Fretwell v. Wainwright

185 So. 2d 701 | Fla. | 1966

185 So. 2d 701 (1966)

Milton Edward FRETWELL, Jr., Petitioner,
v.
Louie L. WAINWRIGHT, Director, Division of Corrections, Respondent.

No. 35100.

Supreme Court of Florida.

April 27, 1966.

W.D. Frederick, Jr., Public Defender, and W. Quinten Nelson, II, Asst. Public Defender, for petitioner.

Earl Faircloth, Atty. Gen., and James G. Mahorner, Asst. Atty. Gen., for respondent.

PER CURIAM.

This cause is before us on petition for writ of habeas corpus attacking petitioner's conviction and sentence to forty years for robbery imposed on September 15, 1965, by the Criminal Court of Record of Orange County. We issued the writ and have considered the return of the Attorney General. It now appears that petitioner is presently serving an indeterminate sentence of six months to five years for armed robbery imposed April 9, 1965, by the Circuit Court of Volusia County.

Petitioner does not question the sentence he is presently serving and is not entitled on habeas corpus to attack the validity of a consecutive sentence he has not yet begun to serve. Byers v. Cochran, 143 So. 2d 319 (Fla. 1962).

Accordingly petition for writ of habeas corpus is discharged.

THOMAS, ROBERTS, DREW and CALDWELL, JJ, concur.

THORNAL, C.J., agrees to judgment.

ERVIN, J., concurs specially with opinion.
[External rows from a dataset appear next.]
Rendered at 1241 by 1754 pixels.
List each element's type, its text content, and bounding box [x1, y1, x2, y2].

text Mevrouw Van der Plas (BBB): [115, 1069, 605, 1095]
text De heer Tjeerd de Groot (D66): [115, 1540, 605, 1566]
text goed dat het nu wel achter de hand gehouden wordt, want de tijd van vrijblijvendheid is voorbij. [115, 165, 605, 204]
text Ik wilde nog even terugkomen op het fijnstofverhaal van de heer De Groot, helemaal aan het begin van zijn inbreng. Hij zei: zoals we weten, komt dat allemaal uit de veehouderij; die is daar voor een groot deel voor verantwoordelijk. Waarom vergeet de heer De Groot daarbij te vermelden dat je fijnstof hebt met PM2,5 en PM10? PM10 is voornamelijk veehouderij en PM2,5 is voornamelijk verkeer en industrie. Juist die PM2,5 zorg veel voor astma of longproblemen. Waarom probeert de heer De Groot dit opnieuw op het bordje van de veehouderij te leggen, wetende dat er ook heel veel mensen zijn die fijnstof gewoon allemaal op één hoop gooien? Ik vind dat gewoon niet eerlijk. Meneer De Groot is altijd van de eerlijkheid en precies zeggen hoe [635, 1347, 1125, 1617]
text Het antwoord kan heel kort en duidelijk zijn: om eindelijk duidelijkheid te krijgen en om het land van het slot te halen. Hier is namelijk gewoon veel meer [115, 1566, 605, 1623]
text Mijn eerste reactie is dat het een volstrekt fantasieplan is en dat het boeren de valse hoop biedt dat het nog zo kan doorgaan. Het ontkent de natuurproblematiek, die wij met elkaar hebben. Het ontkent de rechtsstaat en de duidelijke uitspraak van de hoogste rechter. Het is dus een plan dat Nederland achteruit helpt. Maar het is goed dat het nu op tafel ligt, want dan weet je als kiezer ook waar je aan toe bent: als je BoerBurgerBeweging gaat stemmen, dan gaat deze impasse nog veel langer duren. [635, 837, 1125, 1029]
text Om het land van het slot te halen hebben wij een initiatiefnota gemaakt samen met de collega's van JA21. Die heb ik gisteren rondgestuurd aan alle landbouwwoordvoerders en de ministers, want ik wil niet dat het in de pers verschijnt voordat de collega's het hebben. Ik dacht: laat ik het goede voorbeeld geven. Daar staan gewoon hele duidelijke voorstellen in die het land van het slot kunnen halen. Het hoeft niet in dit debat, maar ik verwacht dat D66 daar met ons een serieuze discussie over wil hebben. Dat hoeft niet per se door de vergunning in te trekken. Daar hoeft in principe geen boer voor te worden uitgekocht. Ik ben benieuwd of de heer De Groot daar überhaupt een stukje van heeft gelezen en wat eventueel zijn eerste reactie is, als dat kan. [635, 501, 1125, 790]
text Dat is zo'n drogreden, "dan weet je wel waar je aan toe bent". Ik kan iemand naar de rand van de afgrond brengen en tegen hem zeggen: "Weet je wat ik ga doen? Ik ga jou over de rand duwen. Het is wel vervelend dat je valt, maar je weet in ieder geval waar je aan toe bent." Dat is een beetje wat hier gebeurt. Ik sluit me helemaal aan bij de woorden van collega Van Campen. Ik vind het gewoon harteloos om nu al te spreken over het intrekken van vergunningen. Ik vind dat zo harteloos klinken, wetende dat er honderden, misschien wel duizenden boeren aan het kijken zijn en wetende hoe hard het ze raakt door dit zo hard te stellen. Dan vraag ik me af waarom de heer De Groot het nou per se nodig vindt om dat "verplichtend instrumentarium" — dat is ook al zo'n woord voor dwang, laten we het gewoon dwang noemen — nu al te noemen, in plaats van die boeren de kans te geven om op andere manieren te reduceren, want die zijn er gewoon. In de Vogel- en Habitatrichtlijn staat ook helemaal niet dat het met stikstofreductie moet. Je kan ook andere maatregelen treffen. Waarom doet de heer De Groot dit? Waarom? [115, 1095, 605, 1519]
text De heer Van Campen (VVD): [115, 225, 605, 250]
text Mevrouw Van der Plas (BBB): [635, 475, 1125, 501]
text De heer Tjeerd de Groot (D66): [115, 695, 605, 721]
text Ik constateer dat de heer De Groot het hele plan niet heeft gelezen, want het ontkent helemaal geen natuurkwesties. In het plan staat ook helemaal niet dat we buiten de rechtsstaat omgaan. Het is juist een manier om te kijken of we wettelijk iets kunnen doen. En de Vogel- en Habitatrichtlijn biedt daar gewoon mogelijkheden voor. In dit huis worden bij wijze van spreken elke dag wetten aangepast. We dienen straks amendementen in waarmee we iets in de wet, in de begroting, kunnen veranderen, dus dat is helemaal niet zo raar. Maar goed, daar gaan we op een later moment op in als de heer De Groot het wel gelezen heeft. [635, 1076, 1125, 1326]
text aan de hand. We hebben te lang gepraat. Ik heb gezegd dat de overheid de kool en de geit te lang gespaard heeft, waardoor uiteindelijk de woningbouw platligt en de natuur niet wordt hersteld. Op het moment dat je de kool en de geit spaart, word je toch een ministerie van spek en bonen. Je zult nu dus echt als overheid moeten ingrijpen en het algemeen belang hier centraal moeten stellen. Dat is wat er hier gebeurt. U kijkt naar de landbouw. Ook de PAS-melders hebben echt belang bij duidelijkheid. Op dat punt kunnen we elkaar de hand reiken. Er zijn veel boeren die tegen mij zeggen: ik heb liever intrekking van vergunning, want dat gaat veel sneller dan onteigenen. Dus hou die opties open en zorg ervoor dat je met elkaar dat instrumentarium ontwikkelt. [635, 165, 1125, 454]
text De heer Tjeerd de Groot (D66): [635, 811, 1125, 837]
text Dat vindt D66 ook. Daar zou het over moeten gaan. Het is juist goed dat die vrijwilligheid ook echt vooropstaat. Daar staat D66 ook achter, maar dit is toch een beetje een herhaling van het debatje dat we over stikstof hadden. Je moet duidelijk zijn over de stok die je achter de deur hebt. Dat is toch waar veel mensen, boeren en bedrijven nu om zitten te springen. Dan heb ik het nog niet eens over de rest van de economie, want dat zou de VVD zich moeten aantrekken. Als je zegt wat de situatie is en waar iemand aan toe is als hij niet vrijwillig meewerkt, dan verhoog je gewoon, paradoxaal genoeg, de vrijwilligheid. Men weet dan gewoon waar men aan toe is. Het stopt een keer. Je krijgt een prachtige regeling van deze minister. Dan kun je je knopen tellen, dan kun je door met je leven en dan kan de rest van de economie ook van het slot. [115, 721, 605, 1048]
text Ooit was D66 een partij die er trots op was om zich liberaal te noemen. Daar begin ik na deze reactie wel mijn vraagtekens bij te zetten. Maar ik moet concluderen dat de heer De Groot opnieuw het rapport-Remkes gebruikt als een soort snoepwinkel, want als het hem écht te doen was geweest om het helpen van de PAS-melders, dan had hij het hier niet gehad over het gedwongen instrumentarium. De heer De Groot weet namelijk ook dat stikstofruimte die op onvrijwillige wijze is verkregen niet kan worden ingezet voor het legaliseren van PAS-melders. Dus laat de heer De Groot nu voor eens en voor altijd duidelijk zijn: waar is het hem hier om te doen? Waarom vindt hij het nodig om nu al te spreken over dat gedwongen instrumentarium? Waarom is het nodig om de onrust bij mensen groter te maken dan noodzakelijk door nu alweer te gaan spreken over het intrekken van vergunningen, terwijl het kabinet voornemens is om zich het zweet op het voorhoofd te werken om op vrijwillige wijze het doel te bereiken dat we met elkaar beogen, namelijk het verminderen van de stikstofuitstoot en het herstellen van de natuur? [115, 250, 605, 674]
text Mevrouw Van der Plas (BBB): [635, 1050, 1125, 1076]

ERVIN, Justice (concurring specially).

I agree to the judgment herein. However, I think the discharge of the writ of habeas corpus should not be based upon the fact the Petitioner is not serving the judgment and sentence sought to be reviewed; instead, the writ should be discharged because it does not appear Petitioner's fundamental right of appeal was improperly denied, which is the primary issue submitted *702 by the writ. Petitioner's public-supplied counsel determined an appeal of the judgment of conviction sought to be reviewed here was frivolous. Subsequently the District Court of Appeal reviewed a transcript of the proceedings in the case and independently came to the same conclusion. It sua sponte quashed the appeal. See Carr v. State (Fla.App.2d, 1965), 180 So. 2d 381; Ellis v. United States, 356 U.S. 674, 78 S. Ct. 974, 2 L. Ed. 2d 1060, and Douglas v. People of State of California, 372 U.S. 353, 83 S. Ct. 814, 9 L. Ed. 2d 811.
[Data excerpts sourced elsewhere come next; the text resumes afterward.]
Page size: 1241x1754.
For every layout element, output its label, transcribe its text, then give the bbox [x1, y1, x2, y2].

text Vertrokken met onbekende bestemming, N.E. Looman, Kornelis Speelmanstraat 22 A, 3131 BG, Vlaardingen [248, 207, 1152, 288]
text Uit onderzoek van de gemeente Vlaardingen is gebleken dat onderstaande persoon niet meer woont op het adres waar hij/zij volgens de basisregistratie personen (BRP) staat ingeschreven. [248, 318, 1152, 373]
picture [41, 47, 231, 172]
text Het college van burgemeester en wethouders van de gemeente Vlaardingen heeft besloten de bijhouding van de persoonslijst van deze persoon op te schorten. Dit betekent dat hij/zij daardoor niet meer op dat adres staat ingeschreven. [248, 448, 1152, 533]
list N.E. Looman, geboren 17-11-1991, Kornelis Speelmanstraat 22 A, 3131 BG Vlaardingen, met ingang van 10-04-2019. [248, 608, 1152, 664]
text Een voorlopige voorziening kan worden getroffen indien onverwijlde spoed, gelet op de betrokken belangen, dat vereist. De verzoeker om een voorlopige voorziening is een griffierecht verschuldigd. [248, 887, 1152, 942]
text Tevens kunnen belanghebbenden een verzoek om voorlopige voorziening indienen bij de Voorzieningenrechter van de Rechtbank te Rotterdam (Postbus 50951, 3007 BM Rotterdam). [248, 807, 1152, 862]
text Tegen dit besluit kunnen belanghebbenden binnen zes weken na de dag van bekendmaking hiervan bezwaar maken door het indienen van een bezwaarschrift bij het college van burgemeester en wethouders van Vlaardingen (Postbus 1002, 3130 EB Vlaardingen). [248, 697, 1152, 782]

When a petition for writ of habeas corpus or a Criminal Procedure Rule 1, F.S.A. ch. 924 Appendix, motion raises the question whether an appeal was improperly denied it seems to me the question should be directly decided on the propriety of the denial without the necessity of the Petitioner having to wait until he is in custody under the sentence involved.